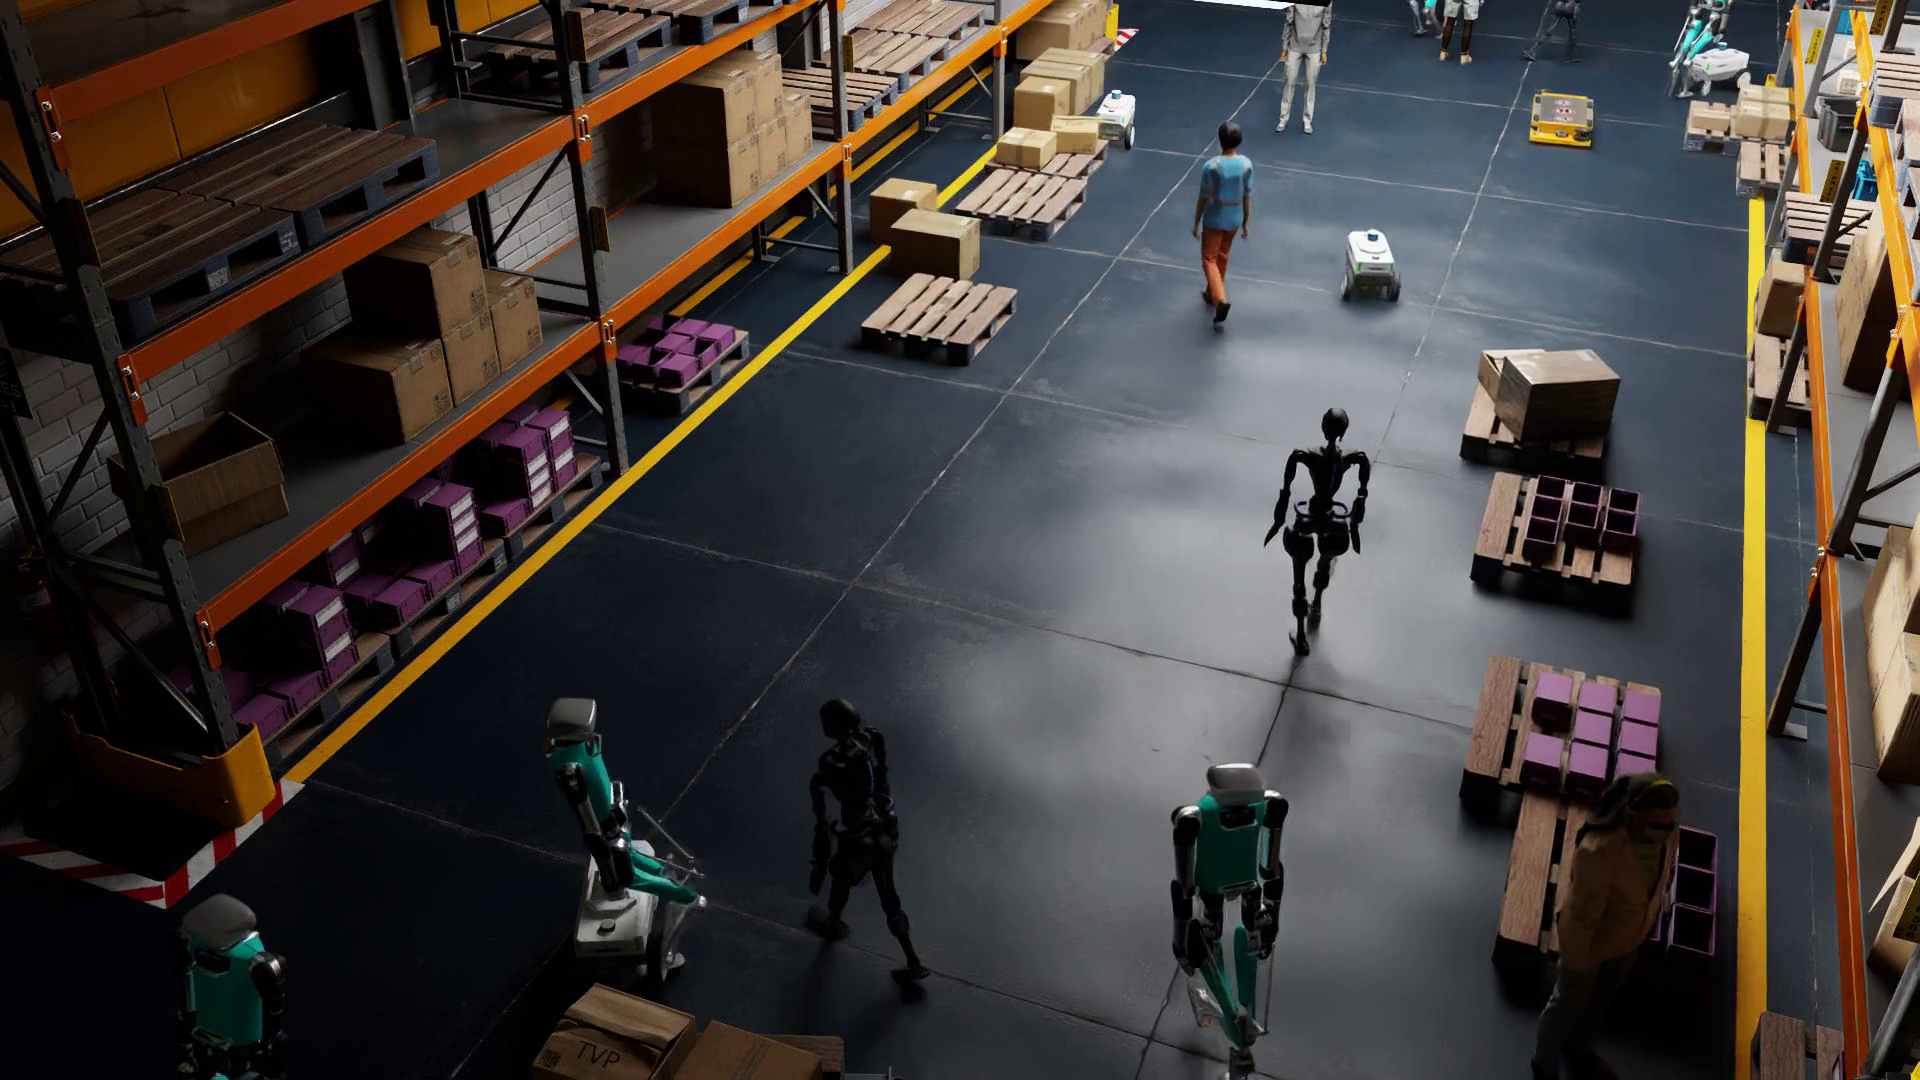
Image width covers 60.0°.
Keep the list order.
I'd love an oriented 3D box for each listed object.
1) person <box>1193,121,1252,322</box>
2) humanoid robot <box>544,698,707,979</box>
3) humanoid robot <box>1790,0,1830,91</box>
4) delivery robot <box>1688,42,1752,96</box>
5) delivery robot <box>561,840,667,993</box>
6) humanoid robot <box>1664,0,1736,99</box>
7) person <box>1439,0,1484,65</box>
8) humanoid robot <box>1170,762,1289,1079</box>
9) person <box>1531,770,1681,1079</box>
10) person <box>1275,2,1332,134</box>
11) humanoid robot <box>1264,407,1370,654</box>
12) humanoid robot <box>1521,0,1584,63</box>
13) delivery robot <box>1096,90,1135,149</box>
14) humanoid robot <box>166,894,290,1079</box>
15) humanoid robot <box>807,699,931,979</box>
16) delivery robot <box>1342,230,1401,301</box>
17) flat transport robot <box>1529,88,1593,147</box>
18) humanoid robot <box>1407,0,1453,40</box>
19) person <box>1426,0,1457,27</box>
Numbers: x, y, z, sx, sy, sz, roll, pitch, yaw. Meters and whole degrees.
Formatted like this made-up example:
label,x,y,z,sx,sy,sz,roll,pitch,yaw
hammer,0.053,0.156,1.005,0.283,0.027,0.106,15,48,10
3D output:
label,x,y,z,sx,sy,sz,roll,pitch,yaw
person,2.311,-2.779,14.540,0.494,1.740,0.763,-7,34,-11
humanoid robot,-1.509,1.476,7.983,0.751,1.808,0.531,-6,33,-9
humanoid robot,10.245,-6.189,19.854,0.750,1.811,0.540,3,33,4
delivery robot,9.207,-5.750,20.206,0.753,0.571,0.499,-14,36,-21
delivery robot,-1.732,1.906,8.397,0.499,0.614,0.791,-2,33,-3
humanoid robot,8.674,-5.994,19.600,0.784,1.857,0.535,-22,39,-30
person,6.343,-6.844,20.874,0.535,1.692,0.320,20,38,28
humanoid robot,1.248,1.847,7.373,0.534,1.720,1.005,-10,34,-14
person,2.879,1.756,7.421,0.590,1.869,0.409,-13,35,-20
person,3.861,-5.518,18.629,0.533,1.902,0.395,7,33,10
humanoid robot,2.228,-0.105,10.463,0.610,1.646,0.560,-1,33,-2
humanoid robot,7.576,-6.795,20.879,0.792,1.627,0.601,-1,33,-2
delivery robot,1.736,-4.732,18.648,0.499,0.592,0.774,8,34,12
humanoid robot,-3.021,2.330,6.631,0.542,1.720,1.013,12,35,18
humanoid robot,-0.471,1.452,8.114,0.801,1.634,0.589,20,38,28
delivery robot,3.760,-2.533,15.261,0.499,0.608,0.801,2,33,3
flat transport robot,6.907,-4.846,19.092,0.659,0.231,1.431,10,34,15
humanoid robot,6.153,-7.414,21.697,0.731,1.763,0.534,-10,34,-15
person,6.560,-7.802,22.275,0.478,1.776,0.319,24,40,33

Directions for this task: Taking the material above, extract exactly and only the lines from the line with "8) humanoid robot <box>1170,762,1289,1079</box>" to the line with "16) delivery robot", inclusive of both.

Response to the task:
8) humanoid robot <box>1170,762,1289,1079</box>
9) person <box>1531,770,1681,1079</box>
10) person <box>1275,2,1332,134</box>
11) humanoid robot <box>1264,407,1370,654</box>
12) humanoid robot <box>1521,0,1584,63</box>
13) delivery robot <box>1096,90,1135,149</box>
14) humanoid robot <box>166,894,290,1079</box>
15) humanoid robot <box>807,699,931,979</box>
16) delivery robot <box>1342,230,1401,301</box>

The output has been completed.